TASK BRIEF: Keep every line in which "that" occurs and drop the rest of the data.

PROVIDED ENTRIES:
_ _ _ _
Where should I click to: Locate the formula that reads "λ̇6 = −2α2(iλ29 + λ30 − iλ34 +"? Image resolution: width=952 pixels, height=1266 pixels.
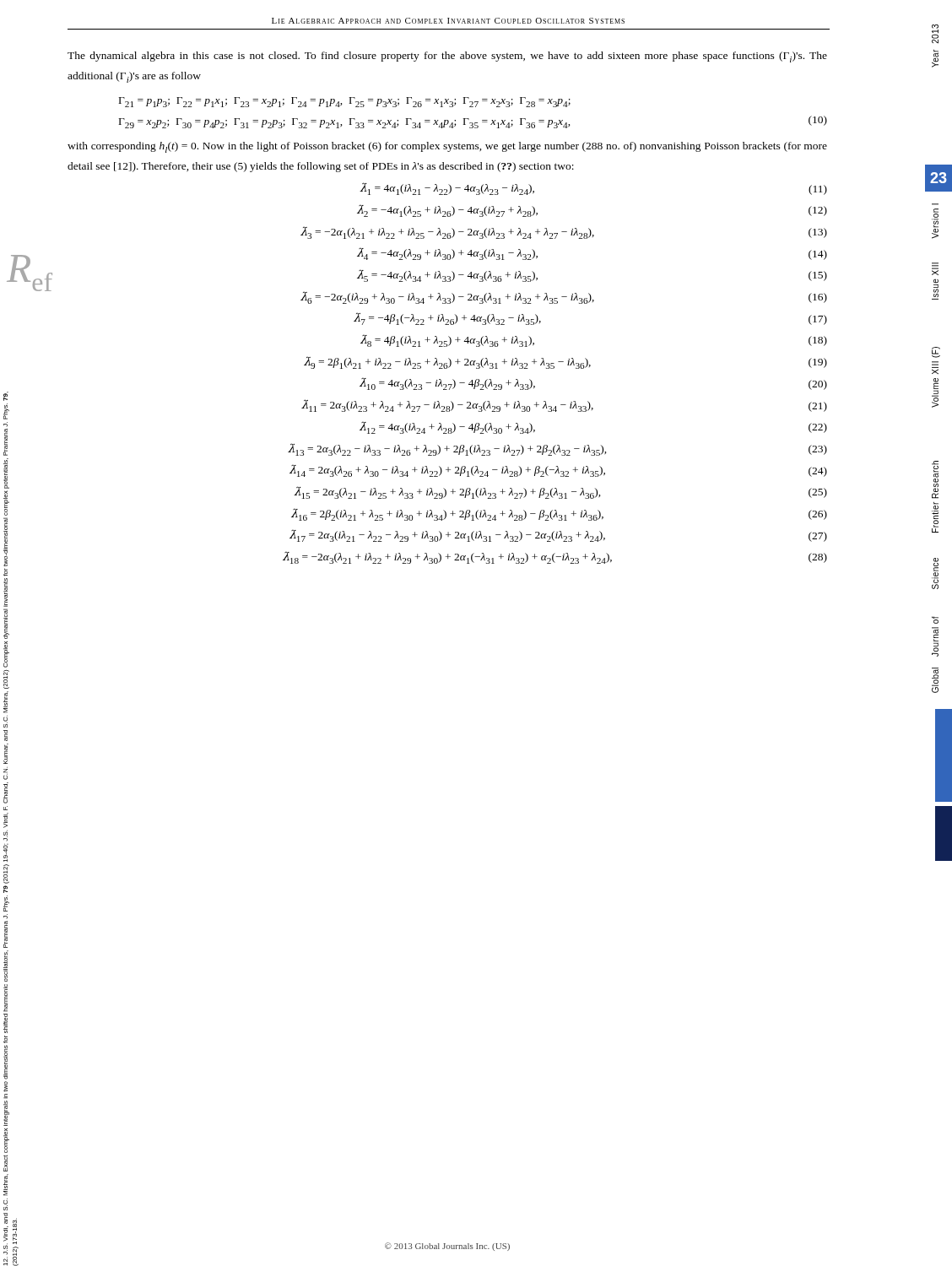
_ _ _ _
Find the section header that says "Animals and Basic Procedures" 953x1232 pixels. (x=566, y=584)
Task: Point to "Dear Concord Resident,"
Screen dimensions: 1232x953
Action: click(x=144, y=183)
_ _ _ _
YOUR RESPONSE:
Where should I click to: Locate the formula that reads "λ̇6 = −2α2(iλ29 + λ30 − iλ34 +"? Image resolution: width=952 pixels, height=1266 pixels.
Find the section header that says "Animals and Basic Procedures" 953x1232 pixels. (x=566, y=584)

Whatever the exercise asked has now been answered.